── Available data ──
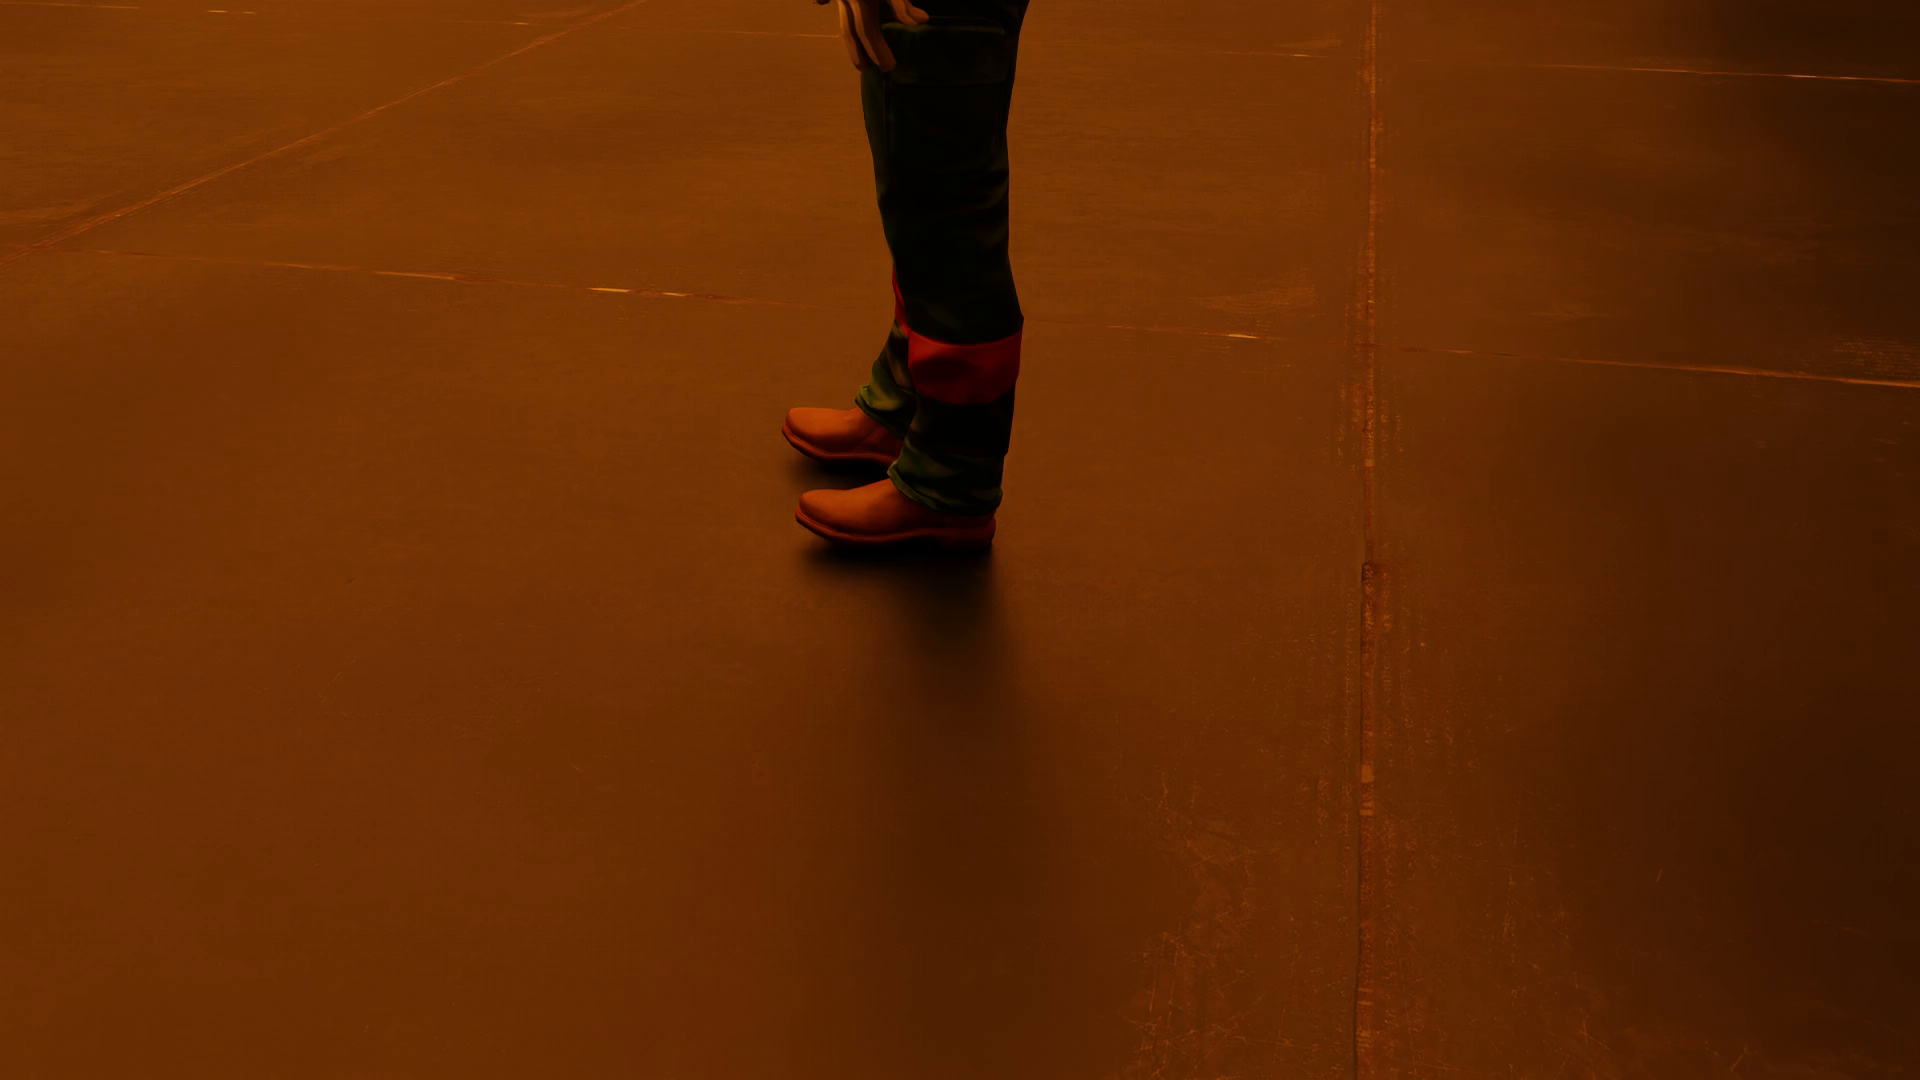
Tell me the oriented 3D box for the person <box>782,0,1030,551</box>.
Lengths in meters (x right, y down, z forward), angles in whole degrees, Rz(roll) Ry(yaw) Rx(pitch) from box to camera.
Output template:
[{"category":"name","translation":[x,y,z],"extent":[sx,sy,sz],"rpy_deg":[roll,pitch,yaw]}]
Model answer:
───
■ **What the task requires**:
Reproduce the records in full, exactly as they appear, and show none of the pictures.

■ **Response to the exercise**:
Tell me the oriented 3D box for the person <box>782,0,1030,551</box>.
Lengths in meters (x right, y down, z forward), angles in whole degrees, Rz(roll) Ry(yaw) Rx(pitch) from box to camera.
Output template:
[{"category":"name","translation":[x,y,z],"extent":[sx,sy,sz],"rpy_deg":[roll,pitch,yaw]}]
Model answer:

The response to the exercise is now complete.